## What the task asks
Below are some records; give them all again exactly, but not the pictures.
________________________
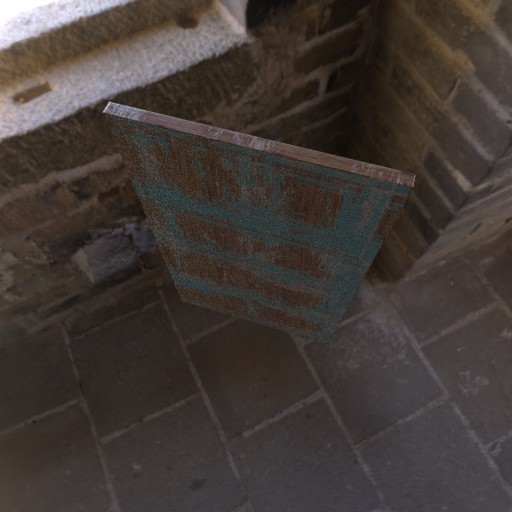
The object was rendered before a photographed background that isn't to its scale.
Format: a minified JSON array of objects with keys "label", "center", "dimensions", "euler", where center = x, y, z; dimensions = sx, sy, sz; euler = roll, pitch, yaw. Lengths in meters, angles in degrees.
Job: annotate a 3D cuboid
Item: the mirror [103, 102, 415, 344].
[{"label":"mirror","center":[0.000,0.000,1.527],"dimensions":[0.707,1.213,0.083],"euler":[15,65,7]}]
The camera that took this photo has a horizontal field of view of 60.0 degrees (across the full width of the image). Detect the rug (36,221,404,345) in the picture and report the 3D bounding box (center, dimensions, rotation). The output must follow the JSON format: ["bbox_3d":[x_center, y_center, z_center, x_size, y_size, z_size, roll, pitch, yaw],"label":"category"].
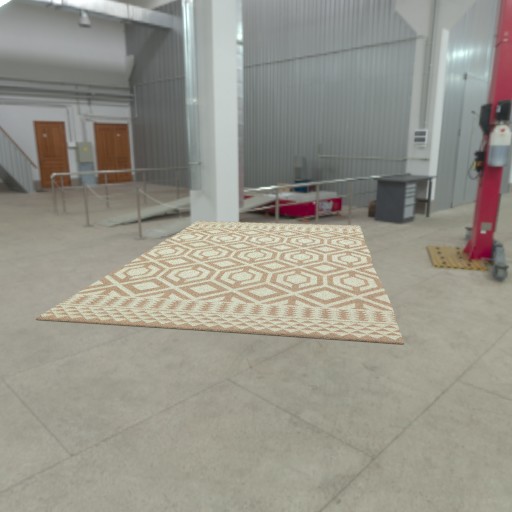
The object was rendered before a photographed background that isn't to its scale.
[{"bbox_3d":[0.000,0.000,2.937,1.526,0.011,2.435,2,15,9],"label":"rug"}]
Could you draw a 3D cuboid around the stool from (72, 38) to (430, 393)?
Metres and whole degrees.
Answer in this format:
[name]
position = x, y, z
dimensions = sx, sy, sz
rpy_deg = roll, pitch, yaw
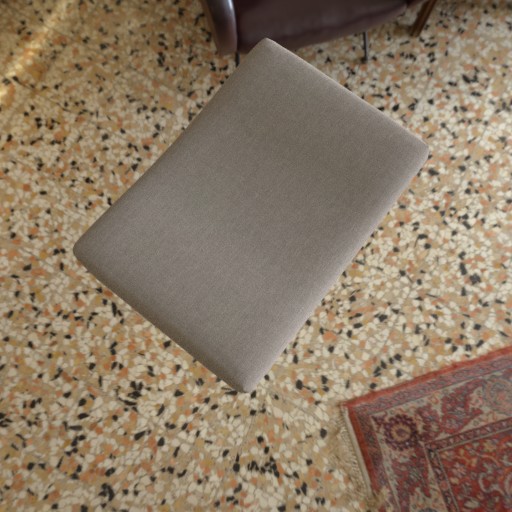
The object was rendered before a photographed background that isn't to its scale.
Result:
[stool]
position = 0.000, 0.000, 1.021
dimensions = 0.356, 0.762, 0.508
rpy_deg = 37, 79, 9
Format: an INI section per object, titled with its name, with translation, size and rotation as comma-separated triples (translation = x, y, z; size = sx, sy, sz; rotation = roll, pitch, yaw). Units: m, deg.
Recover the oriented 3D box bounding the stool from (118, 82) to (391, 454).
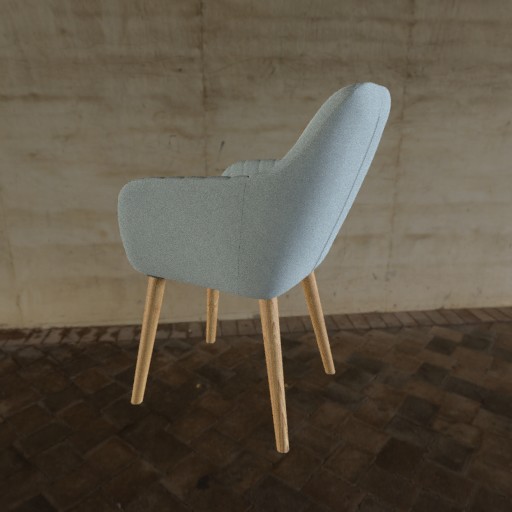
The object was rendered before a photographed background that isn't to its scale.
[stool]
translation = 0.000, 0.000, 1.172
size = 0.590, 0.830, 0.503
rotation = 8, 19, 25
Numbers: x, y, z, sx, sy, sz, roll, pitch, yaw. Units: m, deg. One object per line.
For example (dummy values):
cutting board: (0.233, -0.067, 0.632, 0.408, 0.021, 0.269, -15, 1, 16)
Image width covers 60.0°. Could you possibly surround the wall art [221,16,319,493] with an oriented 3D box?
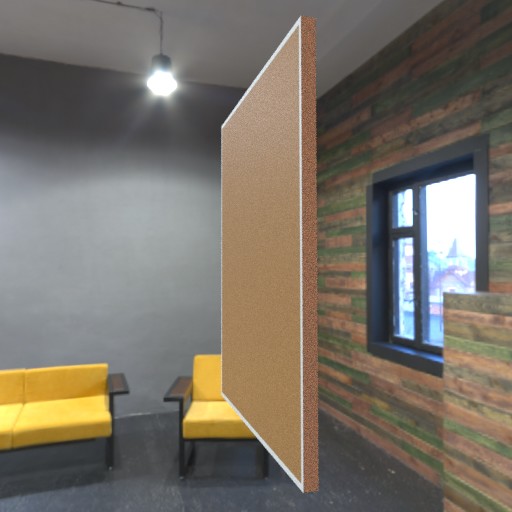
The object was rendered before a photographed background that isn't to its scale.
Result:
wall art: (0.000, 0.000, 1.358, 0.039, 1.050, 0.795, 1, -2, -17)
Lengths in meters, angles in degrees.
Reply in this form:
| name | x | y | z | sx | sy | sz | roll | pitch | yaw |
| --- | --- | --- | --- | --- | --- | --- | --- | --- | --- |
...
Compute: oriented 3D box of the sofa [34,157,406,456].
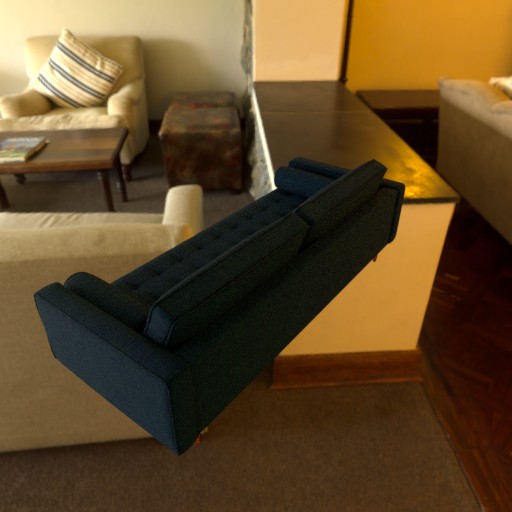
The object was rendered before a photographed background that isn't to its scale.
| name | x | y | z | sx | sy | sz | roll | pitch | yaw |
| --- | --- | --- | --- | --- | --- | --- | --- | --- | --- |
| sofa | 0.000 | 0.000 | 2.612 | 0.914 | 0.762 | 2.210 | 22 | 39 | 31 |
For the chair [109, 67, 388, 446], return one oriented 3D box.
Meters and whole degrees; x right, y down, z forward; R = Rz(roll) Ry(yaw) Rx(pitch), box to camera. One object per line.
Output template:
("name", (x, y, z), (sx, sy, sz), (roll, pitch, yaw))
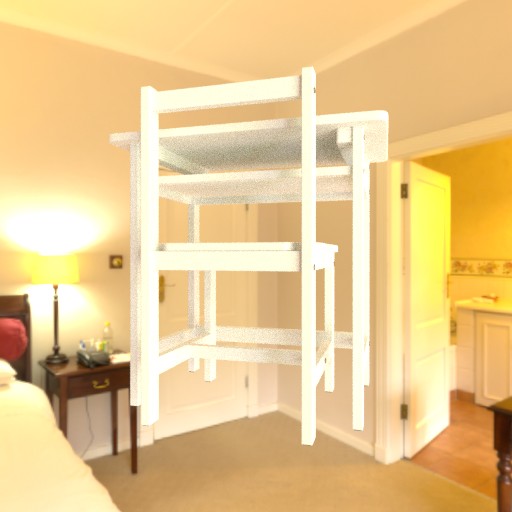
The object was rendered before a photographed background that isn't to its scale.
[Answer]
("chair", (0.000, 0.000, 1.052), (0.599, 0.673, 0.461), (0, 0, 16))
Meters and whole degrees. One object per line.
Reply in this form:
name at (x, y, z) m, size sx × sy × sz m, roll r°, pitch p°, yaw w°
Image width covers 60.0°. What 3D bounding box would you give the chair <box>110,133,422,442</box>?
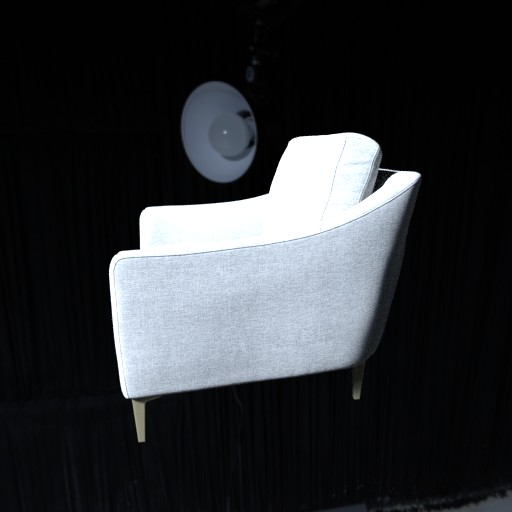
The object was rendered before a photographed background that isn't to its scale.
chair at (0.000, 0.000, 1.709) m, size 0.961 × 0.902 × 0.986 m, roll -2°, pitch 14°, yaw -9°
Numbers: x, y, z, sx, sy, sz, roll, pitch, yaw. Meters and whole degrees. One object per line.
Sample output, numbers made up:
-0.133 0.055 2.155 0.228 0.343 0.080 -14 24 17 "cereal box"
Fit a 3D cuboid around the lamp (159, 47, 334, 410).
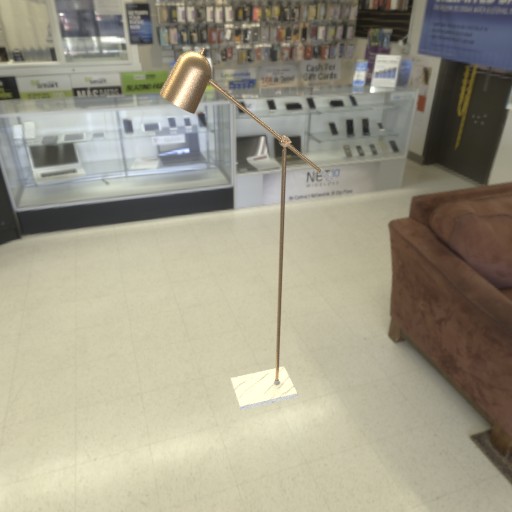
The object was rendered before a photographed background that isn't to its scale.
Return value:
0.000 0.000 1.850 0.653 1.594 0.194 -9 32 -14 "lamp"
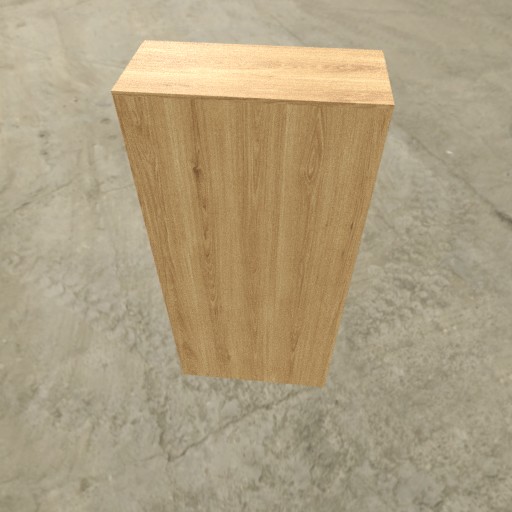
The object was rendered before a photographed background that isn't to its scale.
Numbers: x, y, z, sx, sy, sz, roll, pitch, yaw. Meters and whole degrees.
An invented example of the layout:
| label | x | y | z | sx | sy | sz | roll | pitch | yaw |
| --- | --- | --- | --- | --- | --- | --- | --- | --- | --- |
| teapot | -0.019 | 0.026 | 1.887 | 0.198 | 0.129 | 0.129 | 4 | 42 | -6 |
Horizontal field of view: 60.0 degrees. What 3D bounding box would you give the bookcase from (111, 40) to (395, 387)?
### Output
________________________
## Output of the task
The object was rendered before a photographed background that isn't to its scale.
Format: a minified JSON array of objects with keys "label", "center", "dimensions", "euler", where center = x, y, z; dimensions = sx, sy, sz; euler = roll, pitch, yaw. Lengths in meters, angles in degrees.
Job: annotate a 3D cuboid
Item: the mirror [103, 102, 415, 344].
[{"label":"mirror","center":[0.000,0.000,1.527],"dimensions":[0.707,1.213,0.083],"euler":[15,65,7]}]
The camera that took this photo has a horizontal field of view of 60.0 degrees (across the full width of the image). Detect the rug (36,221,404,345) in the picture and report the 3D bounding box (center, dimensions, rotation). The output must follow the JSON format: ["bbox_3d":[x_center, y_center, z_center, x_size, y_size, z_size, roll, pitch, yaw],"label":"category"].
The object was rendered before a photographed background that isn't to its scale.
[{"bbox_3d":[0.000,0.000,2.937,1.526,0.011,2.435,2,15,9],"label":"rug"}]
Could you draw a 3D cuboid around the stool from (72, 38) to (430, 393)?
Metres and whole degrees.
Answer in this format:
[name]
position = x, y, z
dimensions = sx, sy, sz
rpy_deg = roll, pitch, yaw
The object was rendered before a photographed background that isn't to its scale.
Result:
[stool]
position = 0.000, 0.000, 1.021
dimensions = 0.356, 0.762, 0.508
rpy_deg = 37, 79, 9
Format: an INI section per object, titled with its name, with translation, size and rotation as comma-separated triples (translation = x, y, z; size = sx, sy, sz; rotation = roll, pitch, yaw). Units: m, deg.
Recover the oriented 3D box bounding the stool from (118, 82) to (391, 454).
The object was rendered before a photographed background that isn't to its scale.
[stool]
translation = 0.000, 0.000, 1.172
size = 0.590, 0.830, 0.503
rotation = 8, 19, 25
Numbers: x, y, z, sx, sy, sz, roll, pitch, yaw. Units: m, deg. One object per line.
For example (dummy values):
cutting board: (0.233, -0.067, 0.632, 0.408, 0.021, 0.269, -15, 1, 16)
Image width covers 60.0°. Could you possibly surround the wall art [221,16,319,493] with an oriented 3D box?
The object was rendered before a photographed background that isn't to its scale.
Result:
wall art: (0.000, 0.000, 1.358, 0.039, 1.050, 0.795, 1, -2, -17)
Lengths in meters, angles in degrees.
Reply in this form:
| name | x | y | z | sx | sy | sz | roll | pitch | yaw |
| --- | --- | --- | --- | --- | --- | --- | --- | --- | --- |
...
Compute: oriented 3D box of the sofa [34,157,406,456].
The object was rendered before a photographed background that isn't to its scale.
| name | x | y | z | sx | sy | sz | roll | pitch | yaw |
| --- | --- | --- | --- | --- | --- | --- | --- | --- | --- |
| sofa | 0.000 | 0.000 | 2.612 | 0.914 | 0.762 | 2.210 | 22 | 39 | 31 |
For the chair [109, 67, 388, 446], return one oriented 3D box.
Meters and whole degrees; x right, y down, z forward; R = Rz(roll) Ry(yaw) Rx(pitch), box to camera. One object per line.
Output template:
("name", (x, y, z), (sx, sy, sz), (roll, pitch, yaw))
The object was rendered before a photographed background that isn't to its scale.
[Answer]
("chair", (0.000, 0.000, 1.052), (0.599, 0.673, 0.461), (0, 0, 16))
Meters and whole degrees. One object per line.
Reply in this form:
name at (x, y, z) m, size sx × sy × sz m, roll r°, pitch p°, yaw w°
Image width covers 60.0°. What 3D bounding box would you give the chair <box>110,133,422,442</box>?
The object was rendered before a photographed background that isn't to its scale.
chair at (0.000, 0.000, 1.709) m, size 0.961 × 0.902 × 0.986 m, roll -2°, pitch 14°, yaw -9°
Numbers: x, y, z, sx, sy, sz, roll, pitch, yaw. Meters and whole degrees. One object per line.
Sample output, numbers made up:
-0.133 0.055 2.155 0.228 0.343 0.080 -14 24 17 "cereal box"
Fit a 3D cuboid around the lamp (159, 47, 334, 410).
The object was rendered before a photographed background that isn't to its scale.
Return value:
0.000 0.000 1.850 0.653 1.594 0.194 -9 32 -14 "lamp"
The object was rendered before a photographed background that isn't to its scale.
Numbers: x, y, z, sx, sy, sz, roll, pitch, yaw. Meters and whole degrees.
An invented example of the layout:
| label | x | y | z | sx | sy | sz | roll | pitch | yaw |
| --- | --- | --- | --- | --- | --- | --- | --- | --- | --- |
| teapot | -0.019 | 0.026 | 1.887 | 0.198 | 0.129 | 0.129 | 4 | 42 | -6 |
Horizontal field of view: 60.0 degrees. What 3D bounding box would you give the bookcase from (111, 40) to (395, 387)?
### Output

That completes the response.